Re: Need for a canonical byte stream for an RDF graph

I have sent a related member confidential message concerning this topic 
to patent-issues

http://lists.w3.org/Archives/Member/patent-issues/2011AprJun/0002.html

Please do not read that message if your organization prohibits you from 
doing so.
If in doubt about your organizational policy please refer to your AC rep.
(Although frankly, it is not worth the effort)

Please also do not follow up on the content of that message on this list 
or any other technically focused list of the W3C (including 
member-rdf-wg), out of respect to those participants whose organizations 
have such policies.

I am not sure where discussion of such matters is permitted; I am sure 
the chairs will advise if they believe discussion is necessary.
I am also quite happy to follow up to private e-mails etc.

Jeremy


On 6/23/2011 4:39 PM, Gavin Carothers wrote:
> One of the commonly mentioned uses cases for named graphs and graph
> literals is their use with digital signatures. At the moment signing
> an RDF graph is impossible. Today applications and systems can sign
> serializations of an RDF graph. However, there are issues with all of
> those serializations, and the whole notion of signing the serialized
> form. For example as we know a given RDF graph can be serialized into
> a huge number of equivalent RDF/XML files.

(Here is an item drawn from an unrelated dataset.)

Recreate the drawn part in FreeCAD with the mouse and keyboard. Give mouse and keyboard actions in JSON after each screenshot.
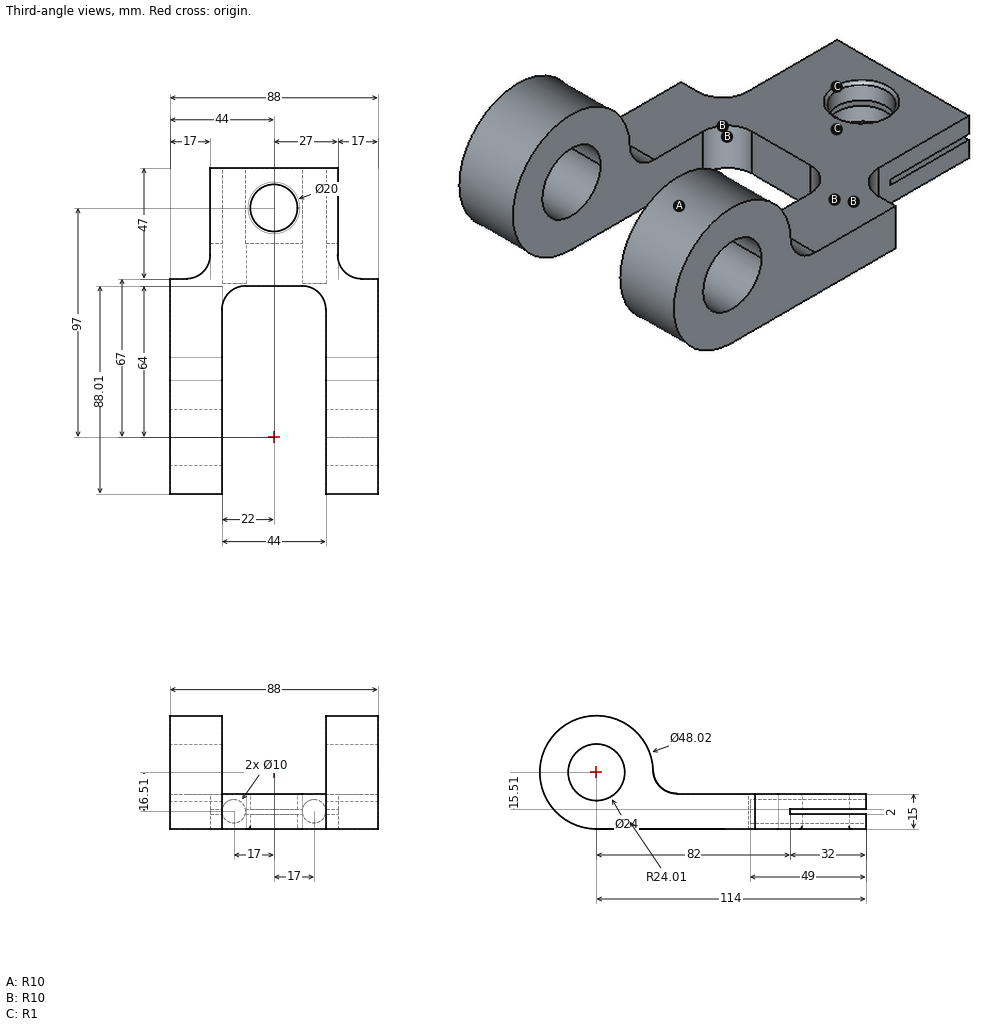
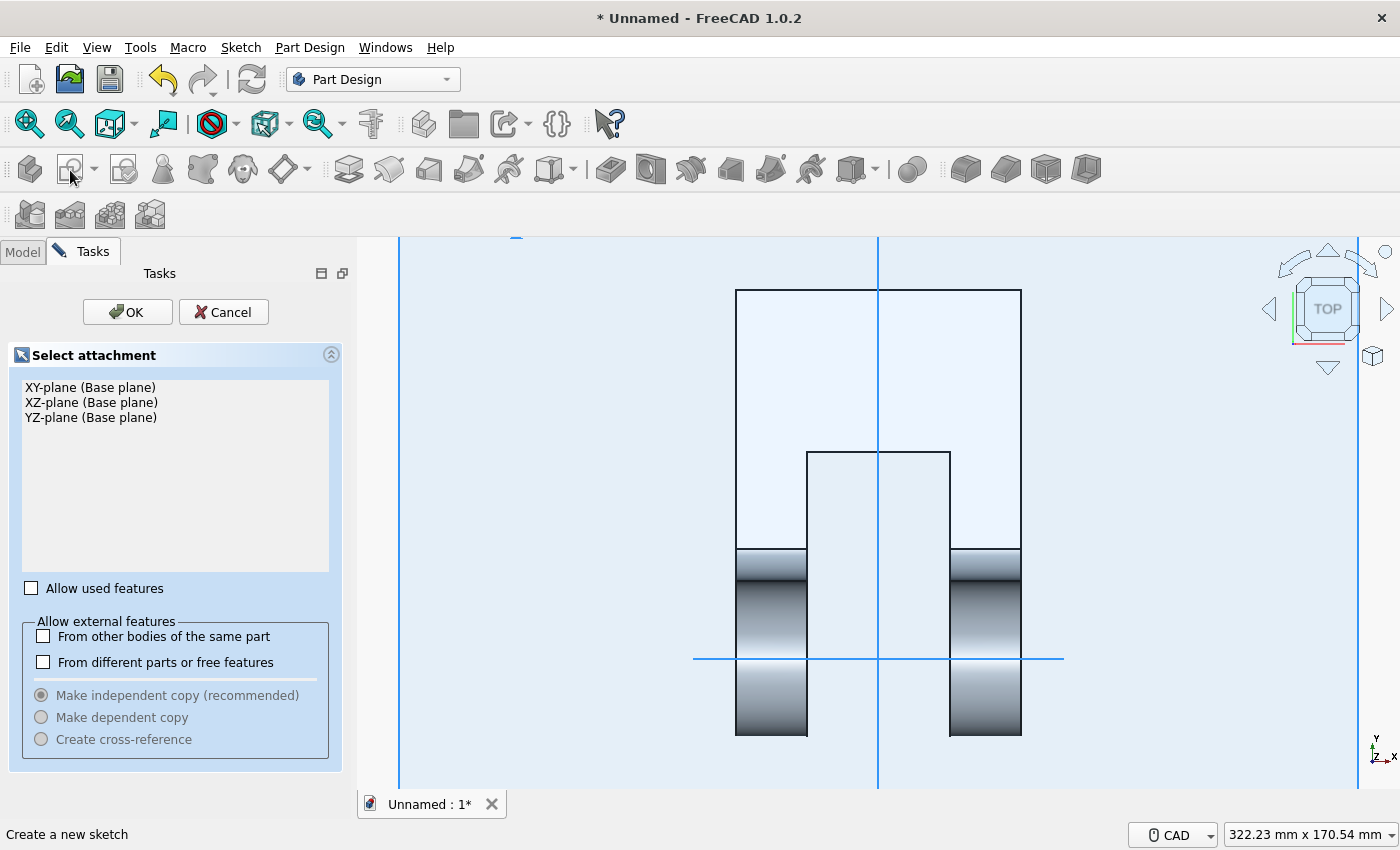
{"action": "left_click", "coordinate": [82, 388]}
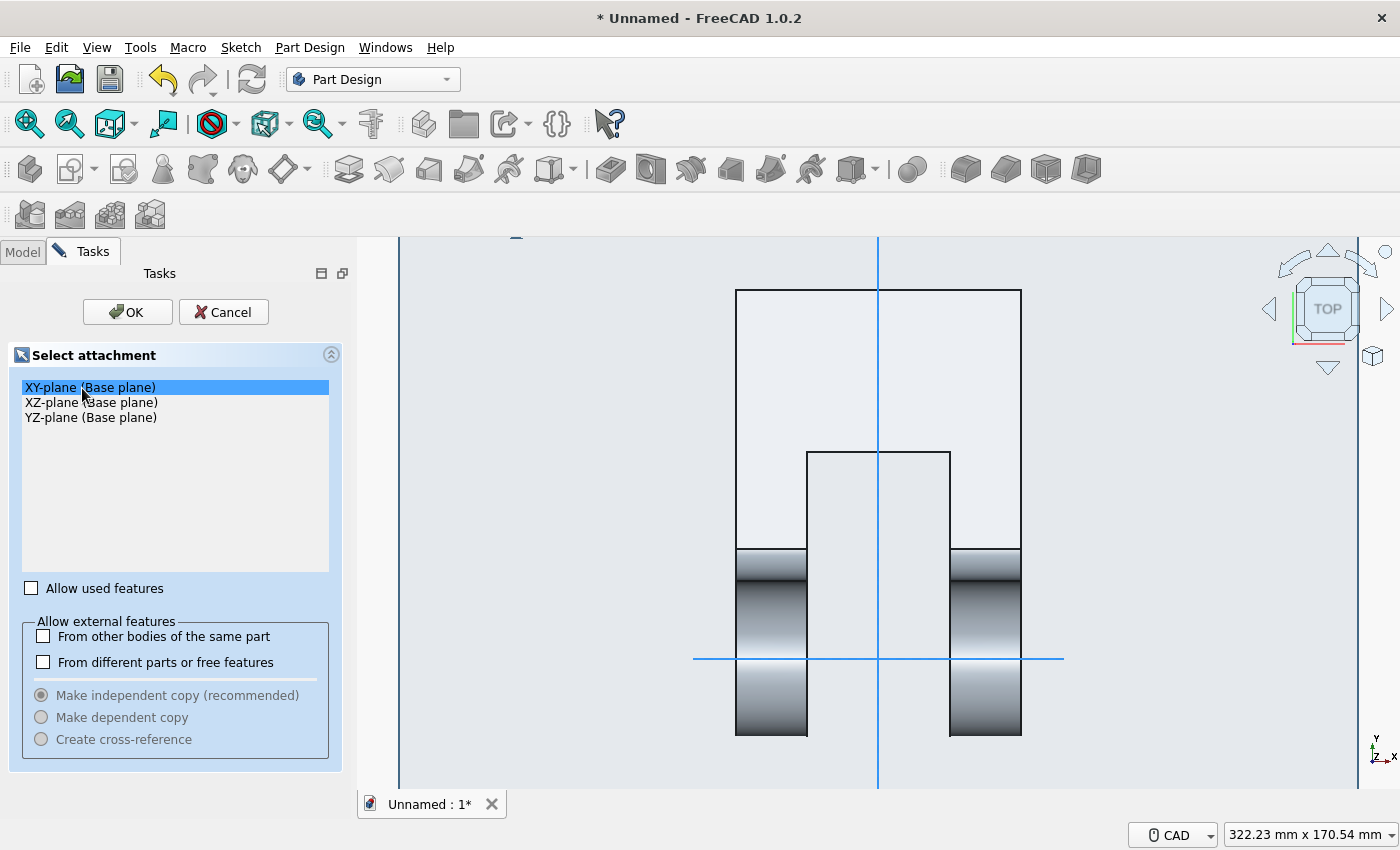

We also know that RDF/XML
> can't represent all RDF graphs. If we leave the creation of a
> canonical form up to each serialization we are likely to end up with a
> large number of canonicalization methods. One for RDF/XML, one for
> Turtle, one for JSON-LD, one for RDF-JSON, etc. If we look at RDFa,
> the situation gets really strange. What the heck do you sign? The
> whole HTML, what if you just want to sign the data?
>
> It seems that creating a standard canonical byte stream based on an
> abstract syntax graph would be very useful. It also seems reasonably
> easy. The simplest naive approach of sorting N-Triples works
> reasonably well. Until that is you encounter our good old friend Blank
> Nodes. Happily the majority of the work needed to address blank nodes
> can be found in Jeremy Carroll's paper "Signing RDF Graphs"
> http://www.hpl.hp.com/techreports/2003/HPL-2003-142.html from back in
> 2003.
>
> What follows is a simple summary of the method in "Signing RDF Graphs
> 2003". Please read the paper for all the gory details. Basically, we
> sort the triples in lexicographic order, ignoring blank nodes. There
> are some remaining issues with different triples that are identical
> when ignoring blank nodes. It is usually possible to number the blank
> nodes in document order (in the output document), to break these ties.
> There are cases for which it is not possible to make such a
> tie-breaking numbering. These cases can be resolved before saving the
> document by modifying the graph by explicitly and nondeterministically
> adding formally meaningless triples. Output it all as N-Triples. This
> process is always O(n log (n)), there are also a number of possible
> optimizations mentioned in the paper.
>
> The nondeterministic nature of the process isn't great. Happily lots
> and lots of real world RDF graphs will never get to the
> nondeterministic step. In fact it would be perfectly reasonable for a
> system or application present giant red flashing lights when
> publishing such data.
>
> There is also a bit of an issue in that at the moment the paper
> defines the canonical graph as after deleting all non-distinctive
> triples the first occurrence of each blank node identifier appear in
> numeric order starting at 1 without gaps. It is possible to make sure
> that the blank node labels stay consistent as well.
>
> There are other non-signing uses. By using a line oriented canonical
> form existing version control and differencing tools will work right
> out of the box. A normal unified diff is suddenly useful not just for
> code, but for data.
>
> Welcome further discussion and feedback, specifically from people
> looking at implementing canonicalization in a specific serialization,
> and if this can meet your use cases.
>
> Cheers,
> Gavin
>
> PS. House keeping, the addition of a semantics free predicate may mean
> reopening ISSUE-56.
>

Received on Thursday, 23 June 2011 23:49:49 UTC